And it was with the great anticipation of the worshippers that this moment eventually arrived, that moment when the Gods' new stock of Mikes Mega Mixes finally came in - and their rain dance finally bore fruit!

Reactions: Like 1


----------



## Rebel (7/9/15)

Mike's Custard Clouds
Made for the skies


----------



## VapeGrrl (8/9/15)

The competition is now closed. Thank you every one. Mike and I will post the winners later.

Reactions: Like 5


----------



## Riaz (8/9/15)

VapeGrrl said:


> The competition is now closed. Thank you every one. Mike and I will post the winners later.


Waaaaiting


----------



## Christos (8/9/15)

Riaz said:


> Waaaaiting


Shhhhh it's busy steeping.

Reactions: Funny 2


----------



## Achmat89 (9/9/15)

No winners?


----------



## Riaz (9/9/15)

still nothing...

juices must be steeping nicely

Reactions: Funny 1


----------



## Christos (9/9/15)

Riaz said:


> still nothing...
> 
> juices must be steeping nicely


Or perhaps that guy blowing the warthog is still recovering from that massive hit. 
I suspect a dry hit.


----------



## Mike (9/9/15)

Hey fellars. The winners have mostly been decided - just need to confirm the announcement with @VapeGrrl 

Turns out I couldn't even pick a single winner, so there'll be an additional runner up!
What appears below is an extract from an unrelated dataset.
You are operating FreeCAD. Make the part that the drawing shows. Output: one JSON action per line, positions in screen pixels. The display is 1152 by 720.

Reactions: Like 10 | Funny 1


----------



## Smoky Jordan (9/9/15)

And the winner issssssss......................


----------



## VapeGrrl (9/9/15)

and the winners are
First place:



Smoky Jordan said:


> "Look the vape meet has begun"



Second place


Andre said:


> "Game of Clouds"



runner up


r0gue z0mbie said:


> "Look, my mod looks like a Vuvuzela..."



Well done to everyone

Reactions: Winner 8 | Thanks 1


----------



## BumbleBee (9/9/15)

Congrats guys

Reactions: Thanks 1


----------



## rogue zombie (9/9/15)

lol I've never won a damn thing in my life.
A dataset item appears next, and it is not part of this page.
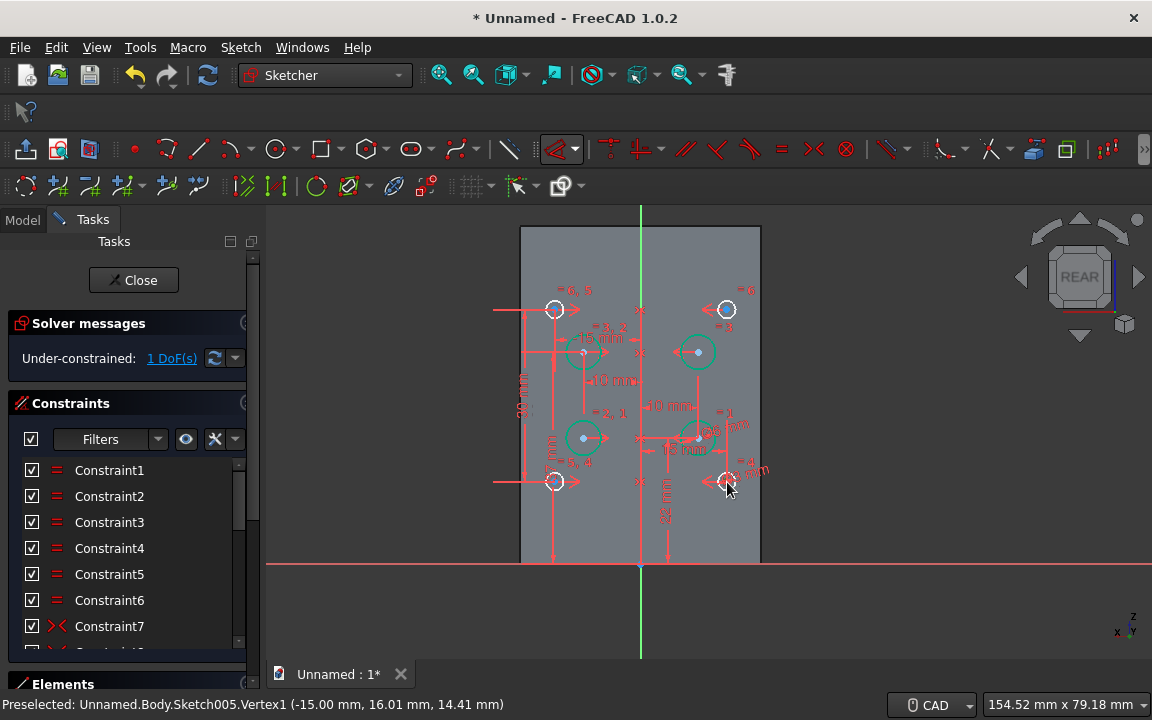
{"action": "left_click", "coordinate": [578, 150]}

Thanks for the comp Vape Club and MMM

Reactions: Like 3


----------



## Andre (9/9/15)

Awesome, thanks. And congrats to all the other winners. It was great fun. So many really creative entries - must have been difficult to choose. My personal favourite was @acorn's "Cloudy with a chance of Mike's Mega Mixes".
Thanks for the competition VapeClub and MMM.

Reactions: Like 1 | Thanks 3


----------



## Mike (9/9/15)

It really was especially tough to pick the standouts. But @Smoky Jordan's just rang so true. The meet hasn't officially started until someone starts blasting unapologetic clouds. Well done all.

As usual, keep an eye out for more competitions!

Reactions: Thanks 2


----------



## Alex (9/9/15)

Well done to all the winners

Reactions: Thanks 1


----------



## rogue zombie (9/9/15)

Yeah...ANISE CUSTARD BABY 

I was pretty stunned when this flavour was announced. Never would I have thought of the combo.


----------



## Mike (9/9/15)

@r0gue z0mbie I hope it'll be well appreciated  It's definitely quite different profile, especially compared to my usual stuff. As usual, there's more to it than custard and anise and I think that's where the magic lies with this juice

Reactions: Like 2


----------



## acorn (9/9/15)

Congratulations @Smoky Jordan , @Andre and @r0gue z0mbie , well done

Reactions: Like 3


----------



## Smoky Jordan (9/9/15)

Yoh I'm so stoaked! A big thanks to @Mike and @VapeGrrl. Well done to the other winners @Andre and @rOgue zOmbie good one boys. Looking forward to this juice OH YEAH

Reactions: Like 2


----------



## Mike (9/9/15)

@Smoky Jordan yea you bugger. After posting



Smoky Jordan said:


> And the winner issssssss......................



It took quite a bit of willpower not to comment anything


----------



## Smoky Jordan (9/9/15)

I know was just telling my wife about that and having a good laugh


----------



## Riaz (10/9/15)

congrats on the win guys!!!

this was an awesome exciting competition!

Reactions: Like 1


----------